As coisas são assim. Uma coincidência qualquer, quando se sobrepõe e se repete, faz o ser humano pensar “será que…?”.
Se isso não acontecera uma ou duas vezes, mas ao longo de toda a vida, era compreensível ficar insegura.
Assim como há reação a cada ação, e output para cada input.
Se, quando tudo vai bem, sempre aparece um infortúnio, e isso se repete a vida inteira e vira aprendizado, é compreensível mandar uma mensagem que se gaba de tudo e no fim diz que se preocupa por estar bem demais.
Não era incompreensível. Saebyeok também tinha um pouco desse sentimento.
Quando as coisas vão bem, é preciso desconfiar e ficar alerta. Checar mais uma vez, voltar ao início, verificar e revisar de novo.
Claro, apenas no trabalho.
O Saebyeok de antes se preocupava muito e, mesmo no dia a dia, ficava ansioso quando tudo ia bem demais ou quando o resultado era melhor do que o esforço investido.
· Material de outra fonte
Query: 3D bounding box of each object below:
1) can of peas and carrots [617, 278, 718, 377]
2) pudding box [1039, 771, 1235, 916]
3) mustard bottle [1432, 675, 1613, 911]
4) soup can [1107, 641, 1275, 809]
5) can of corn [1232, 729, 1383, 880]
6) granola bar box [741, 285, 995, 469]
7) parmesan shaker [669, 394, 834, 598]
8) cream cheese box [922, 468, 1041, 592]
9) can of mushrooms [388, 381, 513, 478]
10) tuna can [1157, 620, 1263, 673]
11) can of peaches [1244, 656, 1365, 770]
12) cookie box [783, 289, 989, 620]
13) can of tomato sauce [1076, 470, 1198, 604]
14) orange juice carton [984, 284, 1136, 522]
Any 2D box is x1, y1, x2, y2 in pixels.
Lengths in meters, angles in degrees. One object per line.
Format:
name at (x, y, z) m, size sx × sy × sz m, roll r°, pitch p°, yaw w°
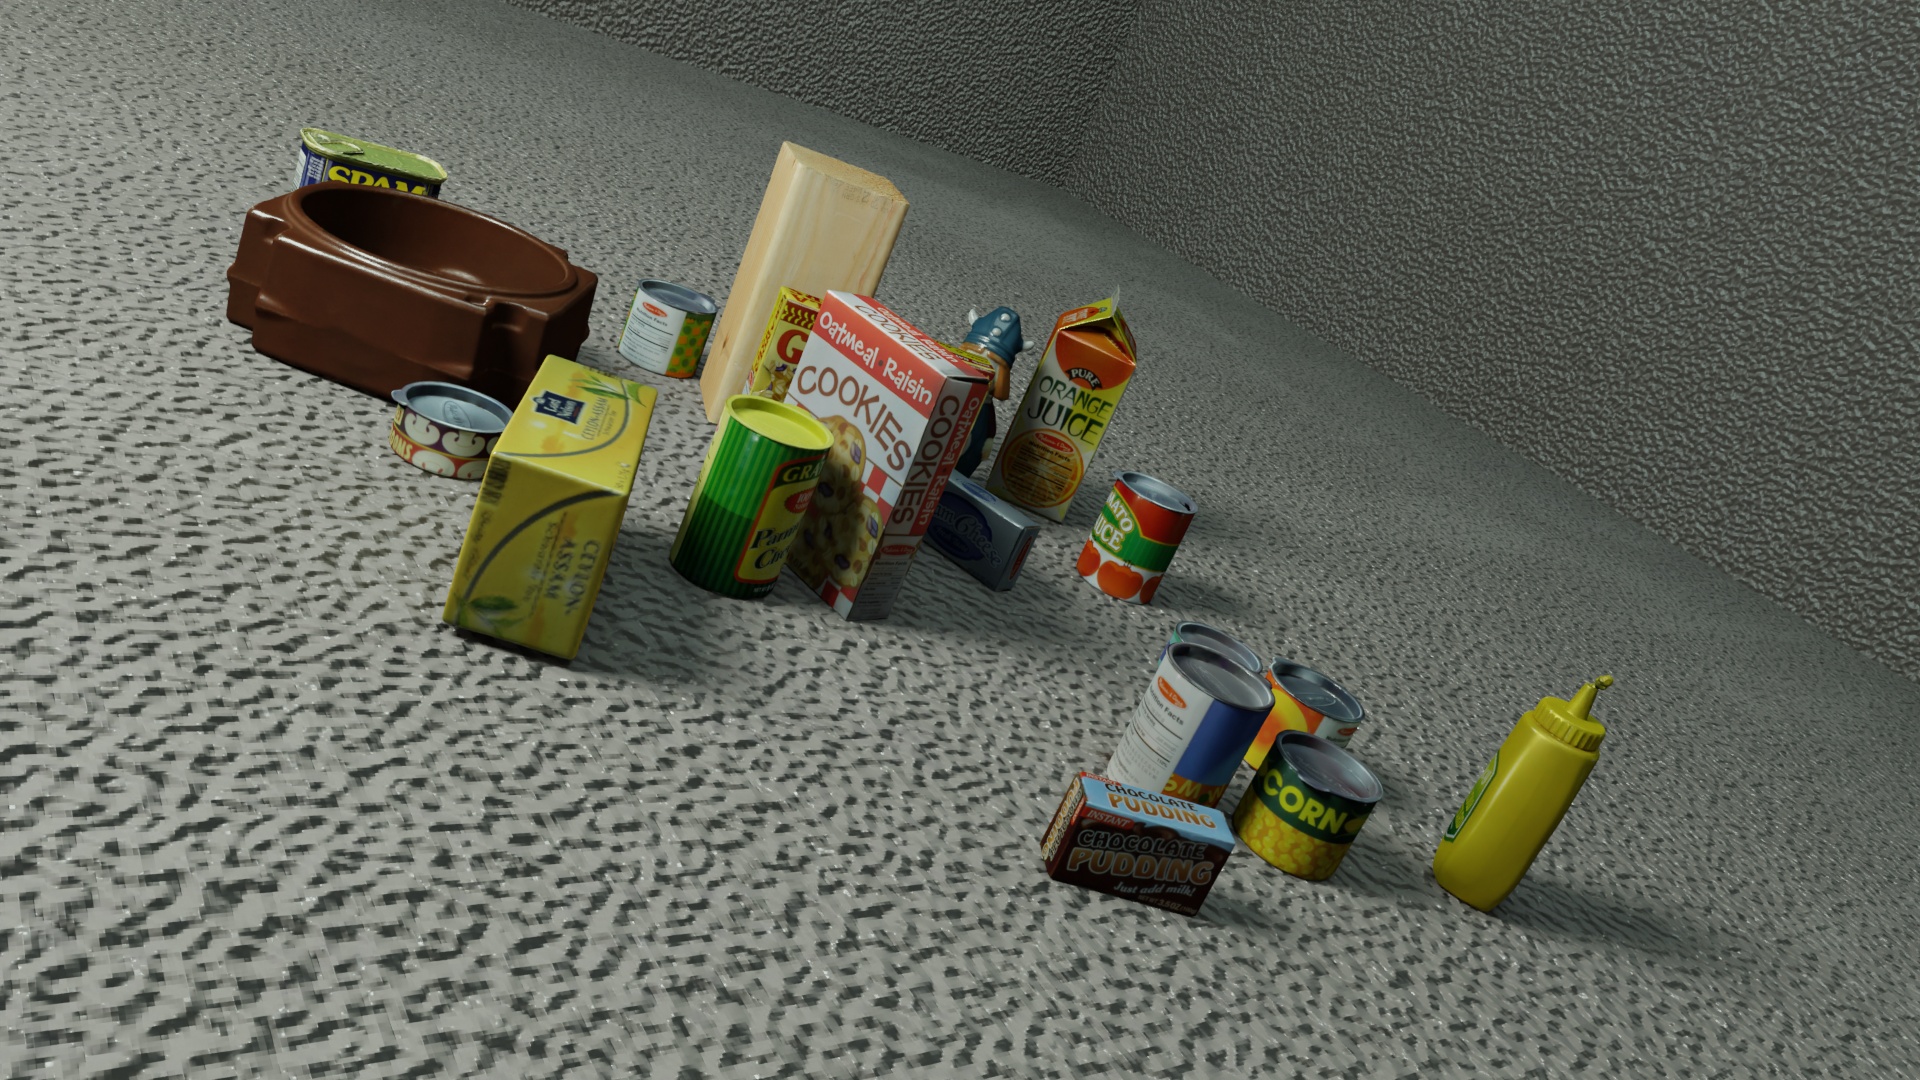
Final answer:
can of peas and carrots at (-0.234, -0.171, 1.119) m, size 0.071 × 0.058 × 0.071 m, roll 21°, pitch 20°, yaw -8°
pudding box at (0.088, 0.150, 0.690) m, size 0.084 × 0.049 × 0.030 m, roll 18°, pitch 21°, yaw -14°
mustard bottle at (0.338, 0.143, 0.823) m, size 0.049 × 0.159 × 0.065 m, roll 29°, pitch 21°, yaw 15°
soup can at (0.132, 0.110, 0.787) m, size 0.071 × 0.083 × 0.071 m, roll 21°, pitch 20°, yaw -8°
can of corn at (0.196, 0.152, 0.793) m, size 0.071 × 0.058 × 0.071 m, roll 21°, pitch 20°, yaw -8°
granola bar box at (-0.074, -0.101, 1.027) m, size 0.165 × 0.123 × 0.039 m, roll 17°, pitch 21°, yaw -18°
parmesan shaker at (-0.122, -0.026, 0.819) m, size 0.071 × 0.102 × 0.071 m, roll 21°, pitch 20°, yaw -8°
cream cheese box at (0.004, -0.012, 0.995) m, size 0.104 × 0.053 × 0.024 m, roll 35°, pitch 23°, yaw 28°
can of mushrooms at (-0.302, -0.066, 0.820) m, size 0.071 × 0.033 × 0.071 m, roll 21°, pitch 20°, yaw -8°
tuna can at (0.173, 0.088, 0.961) m, size 0.071 × 0.032 × 0.071 m, roll 21°, pitch 20°, yaw -8°
can of peaches at (0.216, 0.118, 0.896) m, size 0.071 × 0.058 × 0.071 m, roll 21°, pitch 20°, yaw -8°
cookie box at (-0.063, -0.054, 0.860) m, size 0.040 × 0.166 × 0.123 m, roll 1°, pitch 30°, yaw -47°
can of tomato sauce at (0.134, -0.003, 1.071) m, size 0.071 × 0.082 × 0.071 m, roll 21°, pitch 20°, yaw -8°
orange juice carton at (0.092, -0.120, 1.158) m, size 0.073 × 0.192 × 0.072 m, roll 23°, pitch 20°, yaw -1°
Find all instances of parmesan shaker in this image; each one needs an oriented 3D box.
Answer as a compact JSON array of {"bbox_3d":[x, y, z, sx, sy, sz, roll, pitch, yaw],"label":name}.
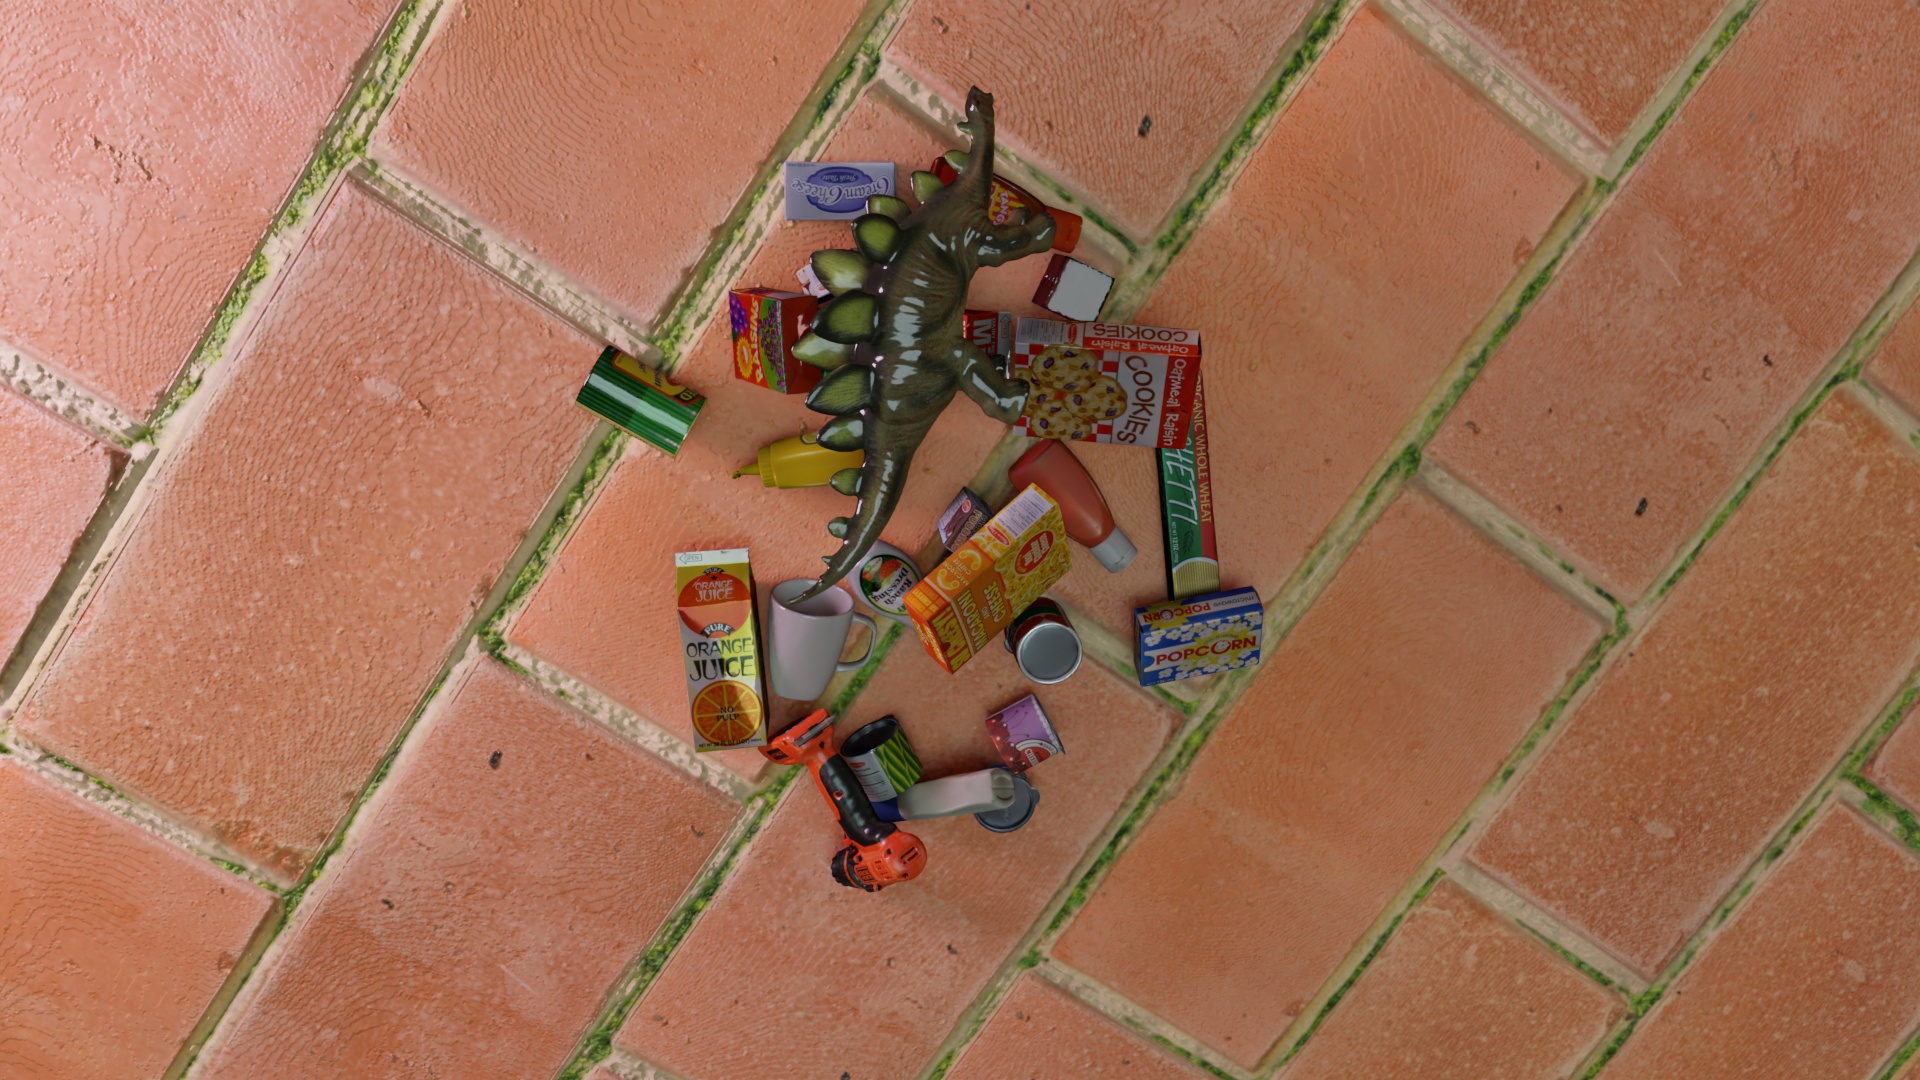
[{"bbox_3d":[-0.295,-0.128,1.286,0.103,0.071,0.071,29,100,-13],"label":"parmesan shaker"}]

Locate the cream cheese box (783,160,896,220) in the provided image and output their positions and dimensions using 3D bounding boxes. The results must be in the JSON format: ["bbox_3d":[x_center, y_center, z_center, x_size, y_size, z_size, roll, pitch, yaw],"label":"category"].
[{"bbox_3d":[-0.111,-0.323,1.281,0.104,0.024,0.053,-1,105,-6],"label":"cream cheese box"}]

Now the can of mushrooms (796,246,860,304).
[{"bbox_3d":[-0.115,-0.243,1.280,0.071,0.071,0.033,-23,95,0],"label":"can of mushrooms"}]

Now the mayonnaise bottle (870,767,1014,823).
[{"bbox_3d":[-0.023,0.260,1.403,0.148,0.065,0.041,-12,75,23],"label":"mayonnaise bottle"}]

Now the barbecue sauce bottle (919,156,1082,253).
[{"bbox_3d":[0.039,-0.306,1.293,0.148,0.044,0.064,15,100,-10],"label":"barbecue sauce bottle"}]

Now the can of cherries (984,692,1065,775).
[{"bbox_3d":[0.066,0.199,1.410,0.058,0.071,0.071,-28,106,2],"label":"can of cherries"}]

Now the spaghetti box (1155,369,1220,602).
[{"bbox_3d":[0.224,-0.051,1.386,0.050,0.029,0.249,-9,105,-5],"label":"spaghetti box"}]

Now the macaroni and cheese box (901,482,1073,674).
[{"bbox_3d":[0.030,0.039,1.320,0.167,0.123,0.040,-42,61,-13],"label":"macaroni and cheese box"}]

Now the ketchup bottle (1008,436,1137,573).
[{"bbox_3d":[0.116,-0.031,1.371,0.064,0.044,0.148,-39,105,12],"label":"ketchup bottle"}]

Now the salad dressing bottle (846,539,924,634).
[{"bbox_3d":[-0.049,0.062,1.376,0.147,0.044,0.064,44,88,-17],"label":"salad dressing bottle"}]

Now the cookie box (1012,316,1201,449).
[{"bbox_3d":[0.134,-0.145,1.296,0.167,0.040,0.122,5,140,5],"label":"cookie box"}]

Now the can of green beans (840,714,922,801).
[{"bbox_3d":[-0.079,0.221,1.402,0.071,0.071,0.057,-27,107,1],"label":"can of green beans"}]

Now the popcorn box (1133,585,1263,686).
[{"bbox_3d":[0.239,0.097,1.402,0.127,0.038,0.084,-11,136,-4],"label":"popcorn box"}]

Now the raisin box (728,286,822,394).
[{"bbox_3d":[-0.168,-0.183,1.258,0.040,0.123,0.086,-12,108,-29],"label":"raisin box"}]

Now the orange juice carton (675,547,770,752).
[{"bbox_3d":[-0.231,0.101,1.350,0.072,0.073,0.192,-5,104,-5],"label":"orange juice carton"}]

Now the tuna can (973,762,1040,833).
[{"bbox_3d":[0.046,0.266,1.444,0.071,0.033,0.071,-2,105,-6],"label":"tuna can"}]

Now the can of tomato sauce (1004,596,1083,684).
[{"bbox_3d":[0.080,0.100,1.380,0.071,0.083,0.071,-2,104,-6],"label":"can of tomato sauce"}]

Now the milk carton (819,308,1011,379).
[{"bbox_3d":[-0.048,-0.180,1.299,0.191,0.073,0.072,0,104,-7],"label":"milk carton"}]

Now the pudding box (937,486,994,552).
[{"bbox_3d":[0.005,-0.017,1.341,0.030,0.084,0.049,36,98,-14],"label":"pudding box"}]

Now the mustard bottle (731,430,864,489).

Mas, depois de conhecer Gong Pyeonghwa, ele parou de pensar assim.
As coisas irem bem era simplesmente natural.
Mesmo achando que não se esforçara muito, bastava Gong Pyeonghwa dizer “não é nada disso? Você se esforçou pra caramba? É um resultado óbvio?” para aquilo parecer a verdade.
Era sempre assim.
Mas, pensando bem agora, era só porque Saebyeok não prestava atenção: não é que não houvesse coisas ruins.
Coisas ruins correspondentes às boas… com bastante frequência. Um bocado. …havia sim.
Quase perdeu o namorado enquanto moravam juntos; quando iam assinar os papéis do casamento, o namorado naufragou; quando Isul apareceu, o marido quase morreu de fome…
Hã?
“São coisas ruins para mim, mas os perigos todos caíram sobre o Pyeonghwa…?”
Recapitulando, era sempre assim.
Isso é o que chamam tecnicamente de “para-raios de azar”?
Se não soubesse, não pensaria nisso; mas, uma vez percebido, ficou incomodado.
— Certo, chegamos ao posto de serviço, então vamos descansar um pouco. As crianças já acordaram.
— Papai, banheiro.
Gong Pyeonghwa riu, ergueu Isul no colo e foi para o banheiro.
Mas um carro maluco apareceu do estacionamento numa velocidade mal-educada.
— Pyeonghwa!
— Uau, caramba.
Gong Pyeonghwa, quase atropelado, tapou os ouvidos de Isul e gritou que dirigissem direito.